-- TASK ITEM --
Below is a listing; print exactly its lines from the one containing "Find the caption" down to the one containing "Given: Select the", both inclusive, with every picture left out.

-- DATA FOR ANALYSIS --
━━━

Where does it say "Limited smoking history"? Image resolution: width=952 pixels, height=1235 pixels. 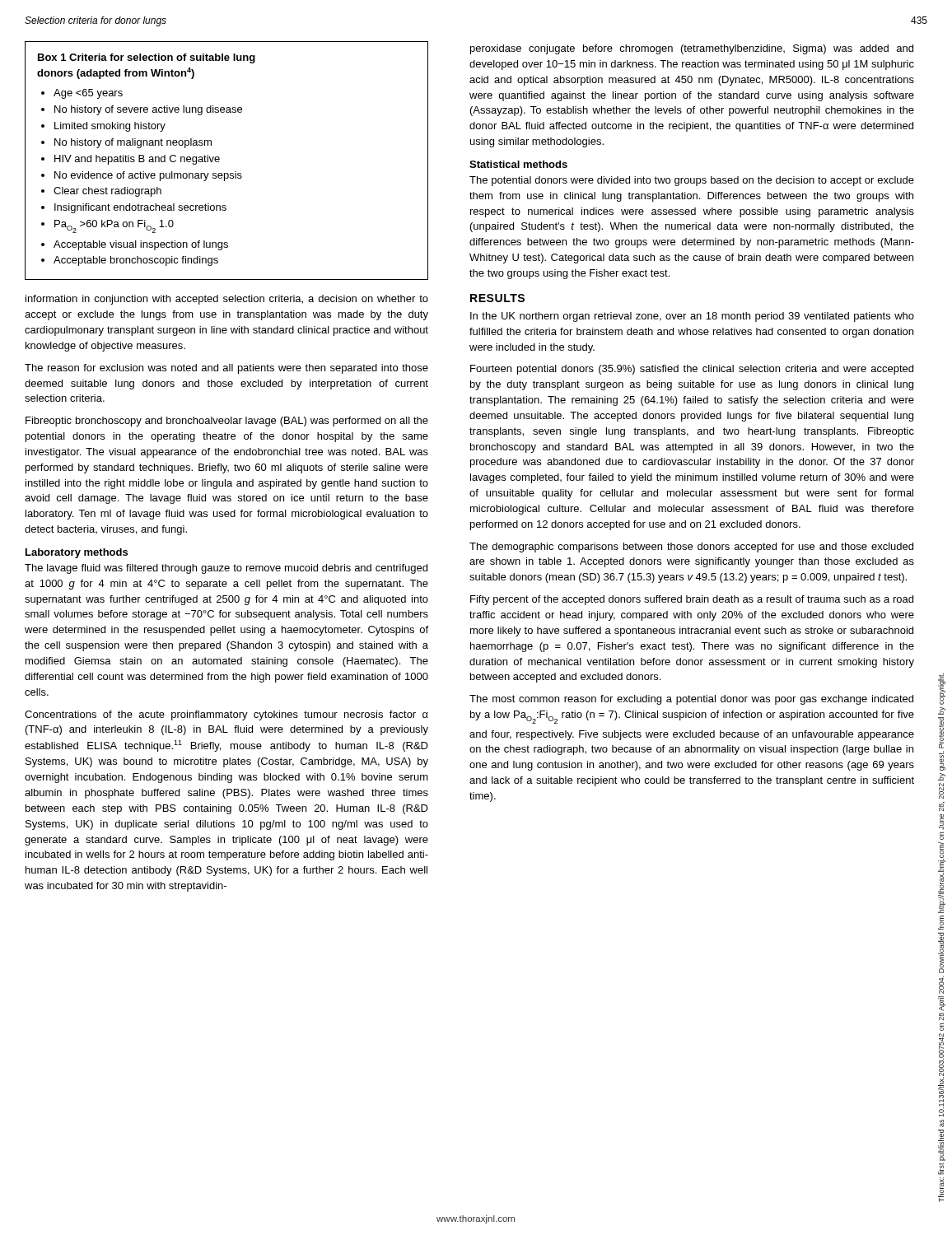tap(109, 126)
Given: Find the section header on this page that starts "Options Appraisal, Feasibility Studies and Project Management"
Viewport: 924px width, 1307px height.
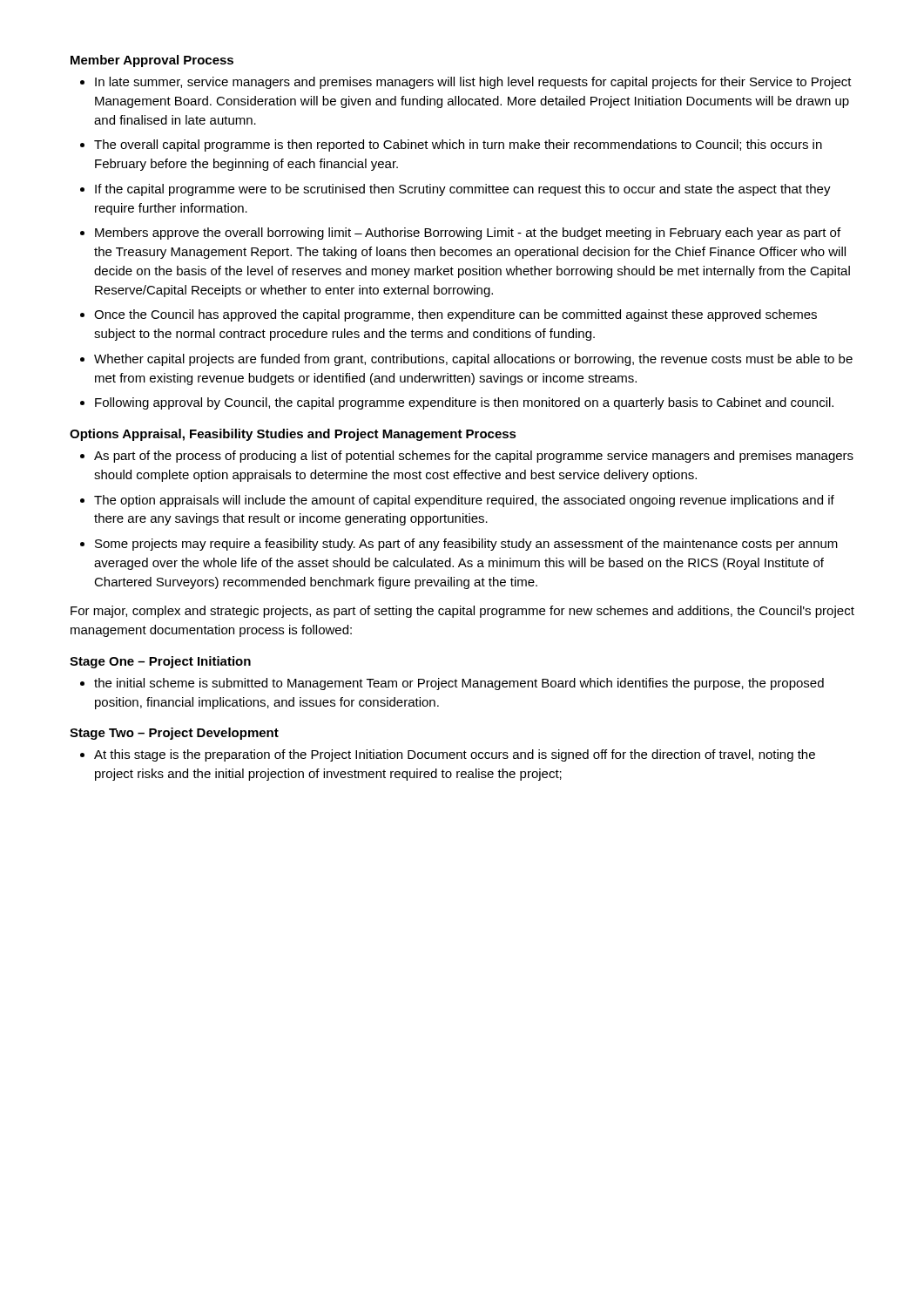Looking at the screenshot, I should click(462, 433).
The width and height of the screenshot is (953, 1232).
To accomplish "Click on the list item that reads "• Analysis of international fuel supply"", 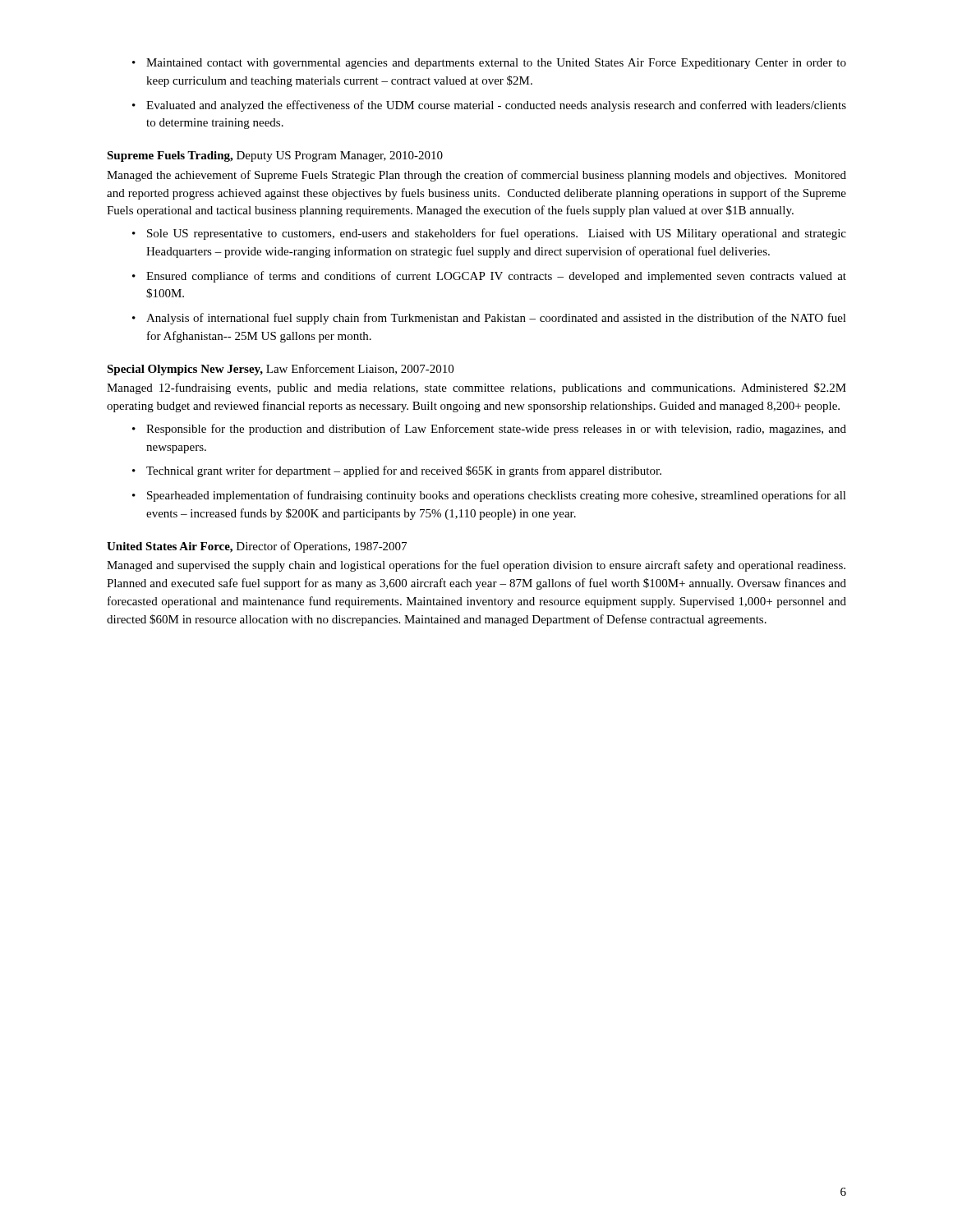I will (489, 327).
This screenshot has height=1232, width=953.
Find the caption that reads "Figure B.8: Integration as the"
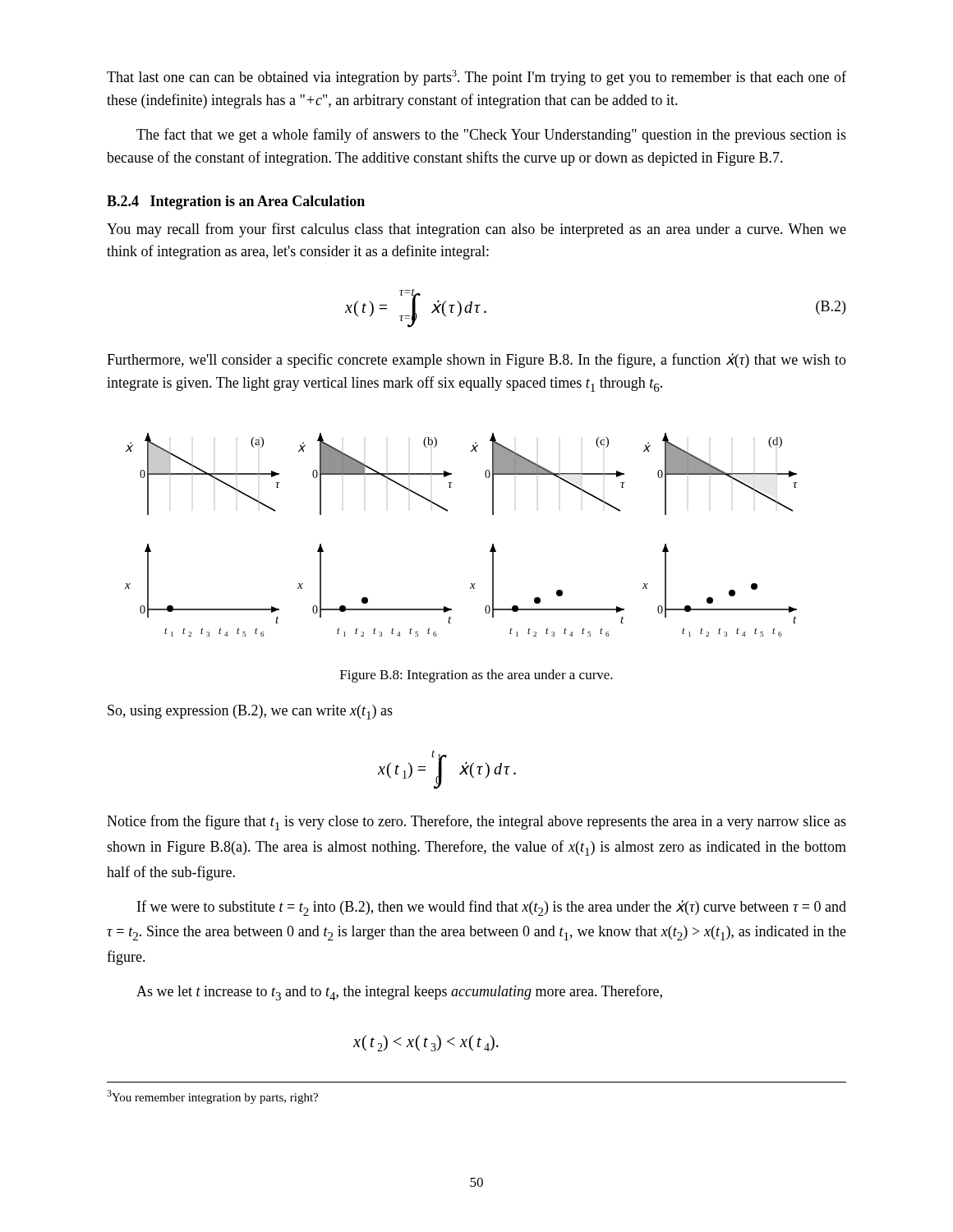point(476,675)
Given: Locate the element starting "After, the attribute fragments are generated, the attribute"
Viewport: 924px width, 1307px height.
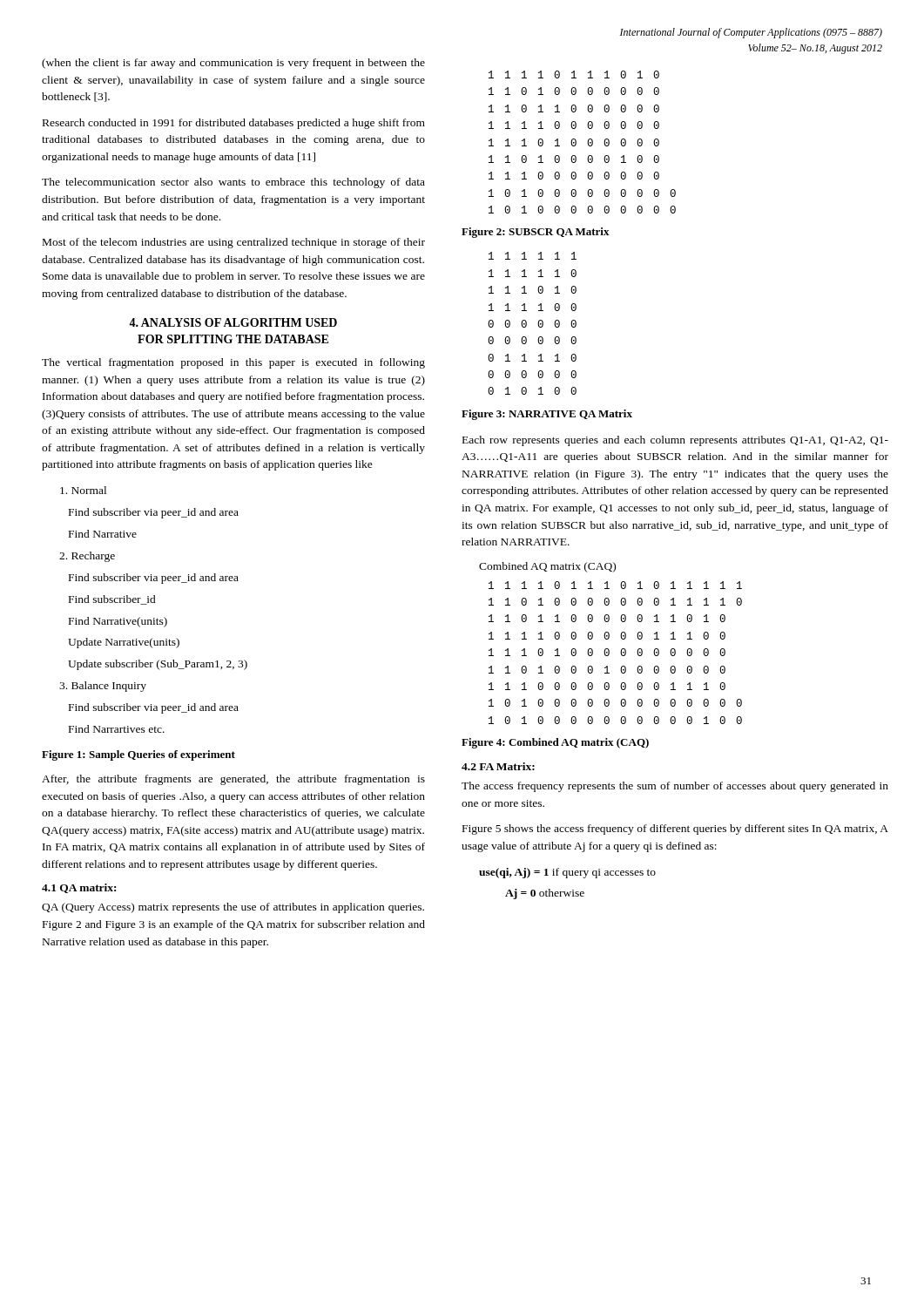Looking at the screenshot, I should (233, 821).
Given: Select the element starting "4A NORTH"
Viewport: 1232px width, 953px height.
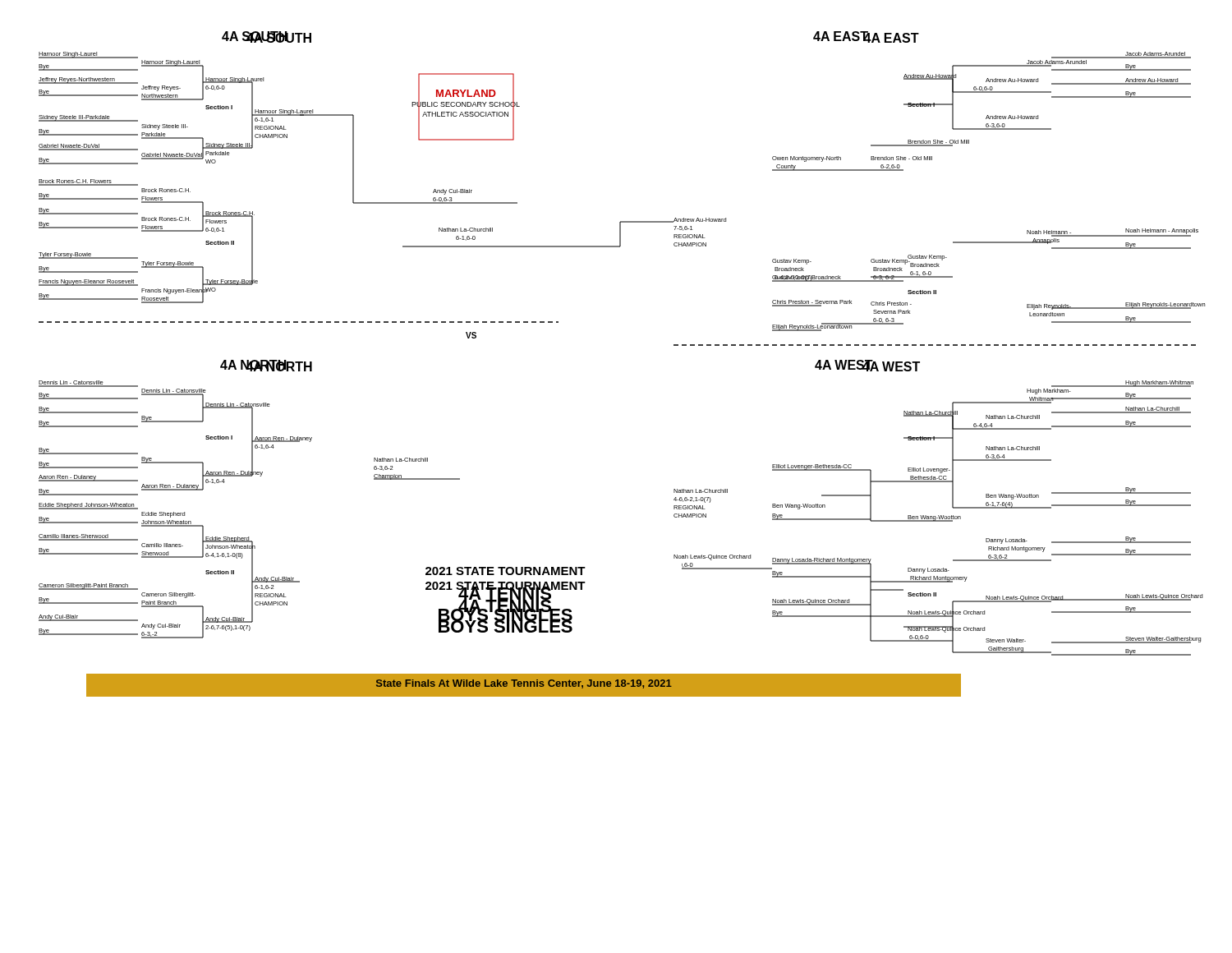Looking at the screenshot, I should [253, 365].

━━━

-- SOLUTION TO THIS TASK --
Find the caption that reads "Figure B.8: Integration as the"
point(476,675)
Given: Locate the element starting "After, the attribute fragments are generated, the attribute"
Viewport: 924px width, 1307px height.
Looking at the screenshot, I should (233, 821).
Given: Select the element starting "4A NORTH"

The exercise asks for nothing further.